Results: Individuals with epilepsy had a statistically significant increased risk of ADHD (odds ratio [OR] = 3.47, 95% confidence interval [CI] = 3.33-3.62). This risk increase extended to children whose mothers had epilepsy (OR = 1.85, 95% CI = 1.75-1.96), children whose fathers had epilepsy (OR = 1.64, 95% CI = 1.54-1.74), full siblings (OR = 1.56, 95% CI = 1.46-1.67), maternal half siblings (OR = 1.28, 95% CI = 1.14-1.43), paternal half siblings (OR = 1.10, 95% CI = 0.96-1.25), and cousins (OR = 1.15, 95% CI = 1.10-1.20). The genetic correlation was 0.21 (95% CI = 0.02-0.40) and explained 40% of the phenotypic correlation between epilepsy and ADHD, with the remaining variance largely explained by nonshared environmental factors (49%, nonshared environmental correlation = 0.36, 95% CI = 0.23-0.49). The contribution of shared environmental factors to the cross-disorder overlap was not statistically significant (11%, shared environmental correlation = 0.32, 95% CI = -0.16-0.79).
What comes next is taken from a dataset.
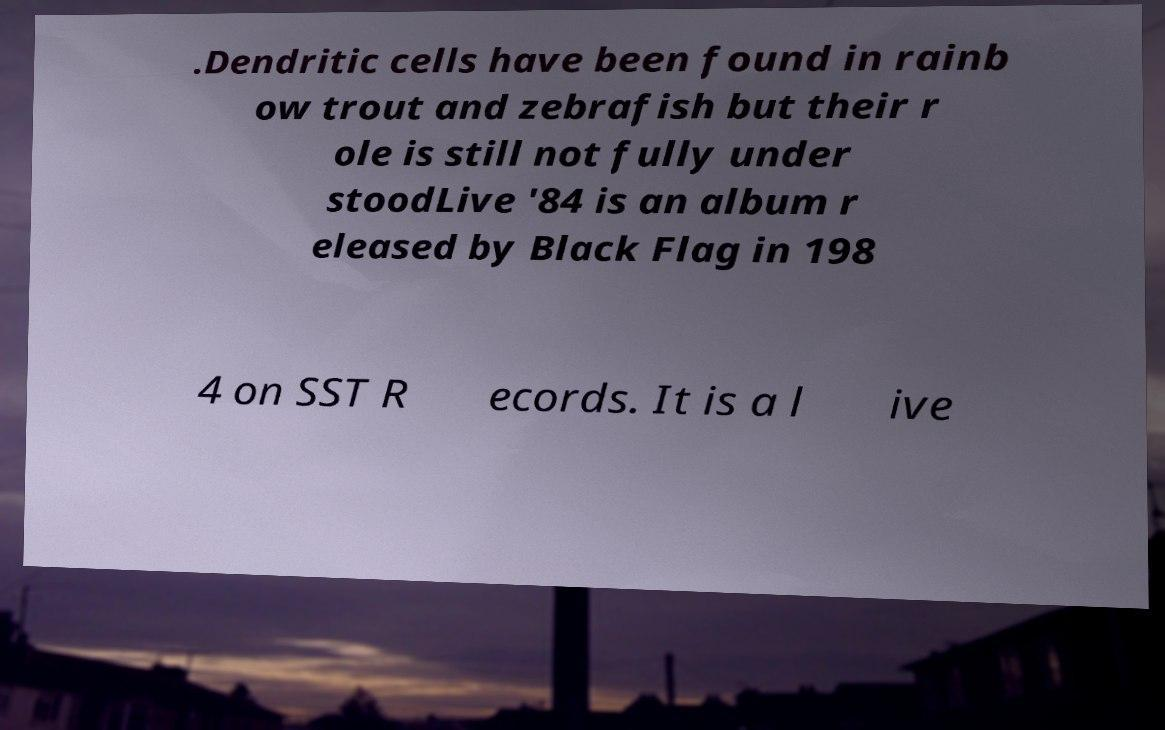I need the written content from this picture converted into text. Can you do that? .Dendritic cells have been found in rainb ow trout and zebrafish but their r ole is still not fully under stoodLive '84 is an album r eleased by Black Flag in 198 4 on SST R ecords. It is a l ive

Conclusions: This study demonstrates a strong and etiologically complex association between epilepsy and ADHD, with shared familial factors and risk factors unique to the individual contributing to co-occurrence of the disorders. Our findings suggest that epilepsy and ADHD may share less genetic risk as compared with other neurodevelopmental disorders.
Keywords: ADHD; Comorbidity; Epilepsy; Genetics; Neurodevelopment; Risk factors.
Copyright © 2017 Society of Biological Psychiatry. Published by Elsevier Inc. All rights reserved.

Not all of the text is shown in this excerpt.